One of these studies is EMERALD-1, which looks at the combination of durvalumab, an anti–PD-1 inhibitor, and TACE. They did open a third exploratory arm looking at antiangiogenics in combination with anti–PD-1, so they did add an investigational arm of bevacizumab and durvalumab with TACE, and that’s currently ongoing.
There is another large international phase 3 study, TACE-3, which is the combination of nivolumab and TACE. We also have CheckMate 74W, which is looking at the combination of 2 I/O agents, nivolumab and ipilimumab, in combination with TACE. These strategies will hopefully allow us to better understand the role of I/O in combination with locoregional strategies. As many have already mentioned, can these treatment strategies potentially lead to more synergistic effects or enhance the current efficacy that we have with some of these strategies?
Richard S. Finn, MD: There’s 1 more study I want to comment on, the LEAP-012 study, a study that I’ve been involved in with Josep Llovet, and this is a study looking at pembrolizumab and lenvatinib. Like the other combinations that looked very promising in phase 2, obviously we’ve seen activity with single-agent I/O. We’re seeing what appears to be synergistic activity with I/O and either pure VEGF inhibition with bevacizumab or with a multikinase VEGF inhibitor like lenvatinib, in combination with these I/O agents that are raising the response rates in systemic disease.
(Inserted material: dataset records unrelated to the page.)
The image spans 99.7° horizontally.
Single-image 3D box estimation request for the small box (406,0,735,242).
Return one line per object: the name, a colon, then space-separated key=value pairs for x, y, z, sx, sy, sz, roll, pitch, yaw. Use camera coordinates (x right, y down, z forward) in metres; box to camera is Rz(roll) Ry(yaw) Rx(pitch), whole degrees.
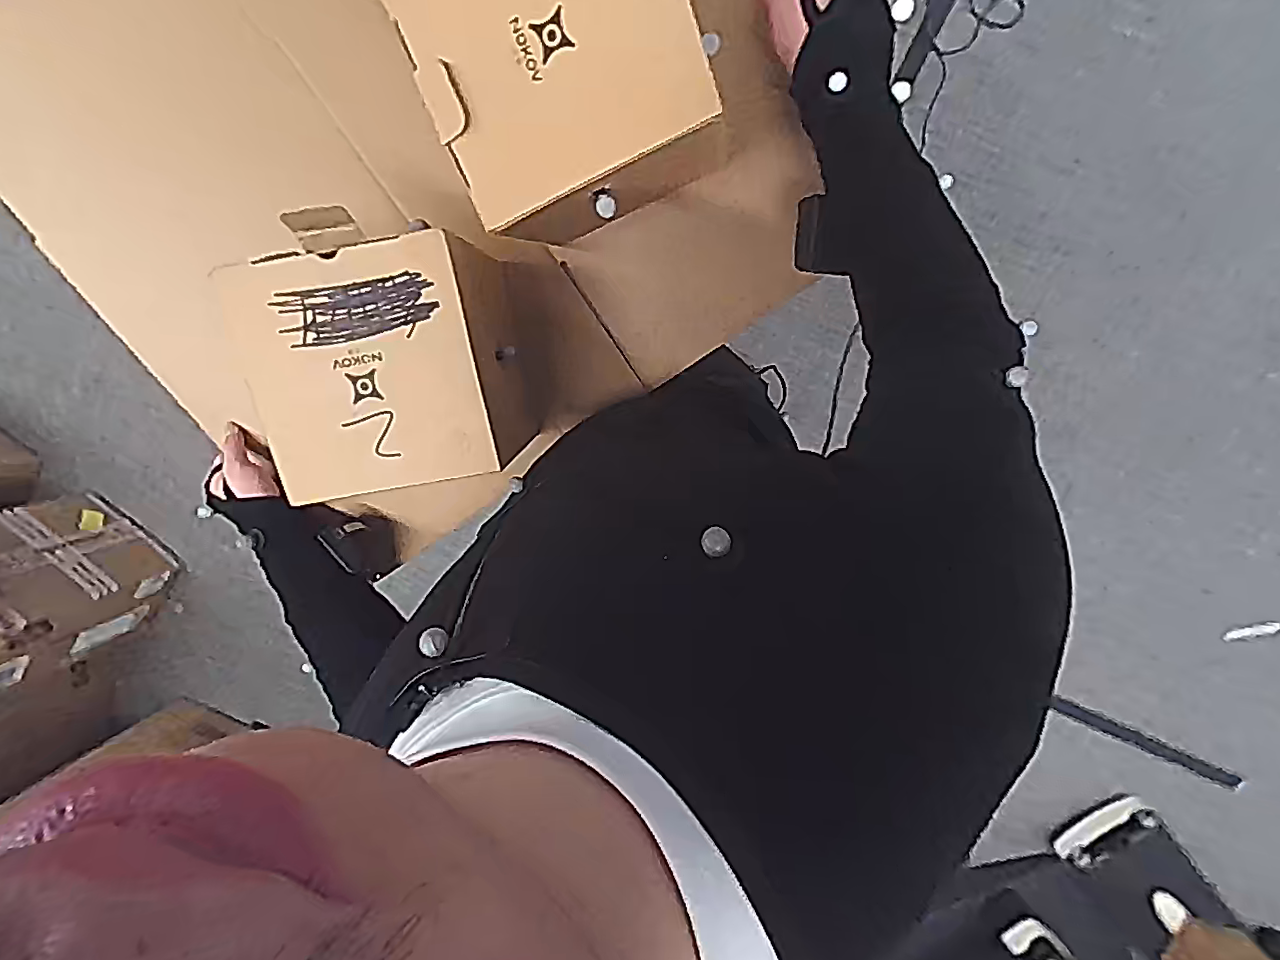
small box: x=-0.034 y=-0.301 z=0.419 sx=0.179 sy=0.176 sz=0.168 roll=-17 pitch=107 yaw=17
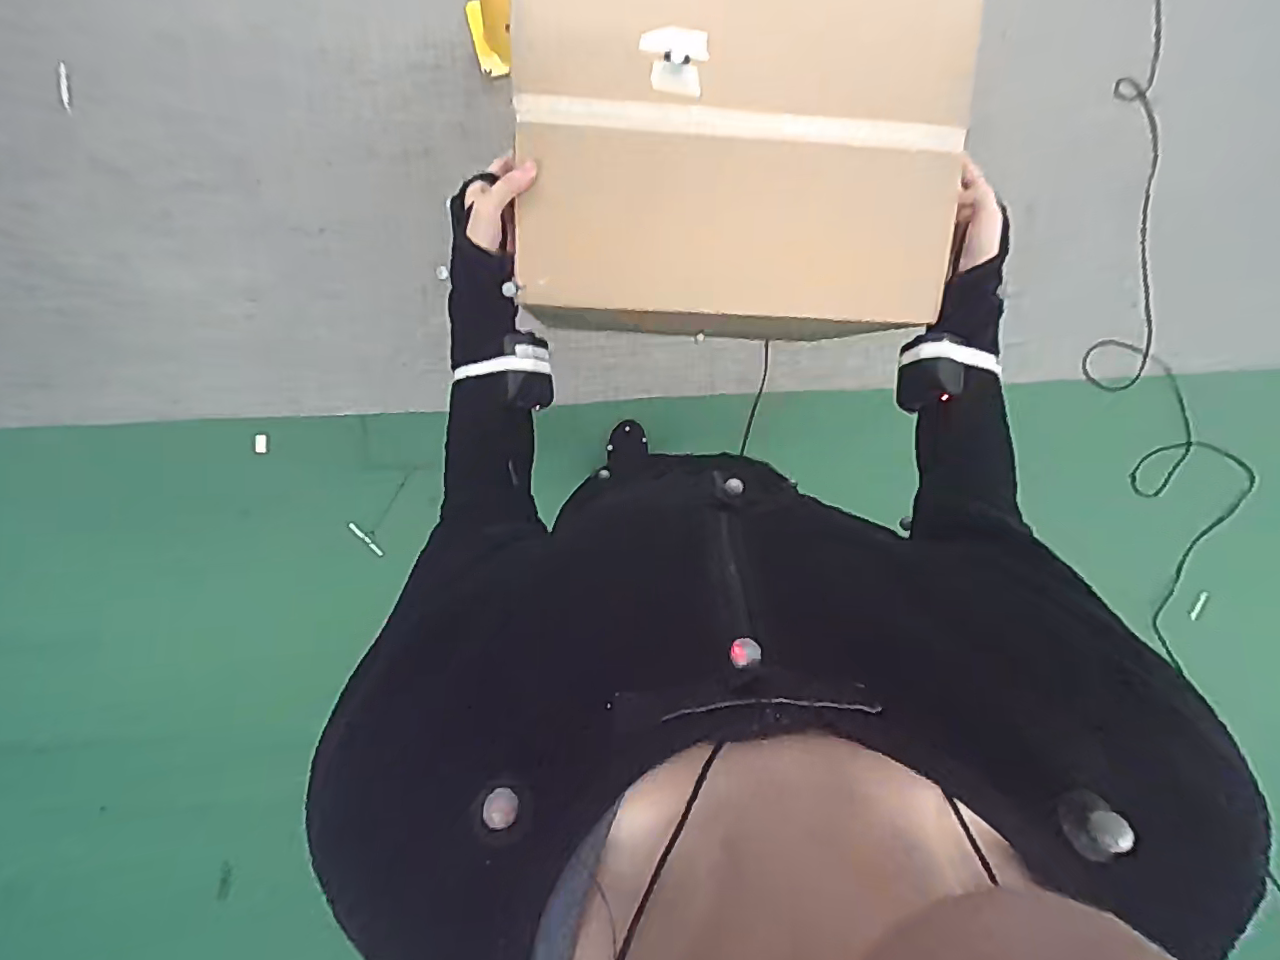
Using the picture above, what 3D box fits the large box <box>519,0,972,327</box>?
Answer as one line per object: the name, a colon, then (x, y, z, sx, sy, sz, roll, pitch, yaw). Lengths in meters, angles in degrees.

We’re now looking at moving into earlier-phase disease.
It will take some time for these studies to read out. There is a long natural history to the intermediate space, which has made it a challenge to study. Clearly an unmet need for our patients. We know that TACE is not curative and patients will eventually progress. I’ve always thought of this as if patients don’t die of their liver disease, if their cirrhosis isn’t that bad, eventually their tumor will come back, and it will either migrate them to advanced disease or sometimes even patients get recurrent locoregional treatments. Every time we do that, there is the cost of liver function, and that will impact what they get as far as systemic treatments. If we can’t get patients to first-line systemic treatment, we’ll never get them to second- or third-line or beyond, which is the evolving paradigm.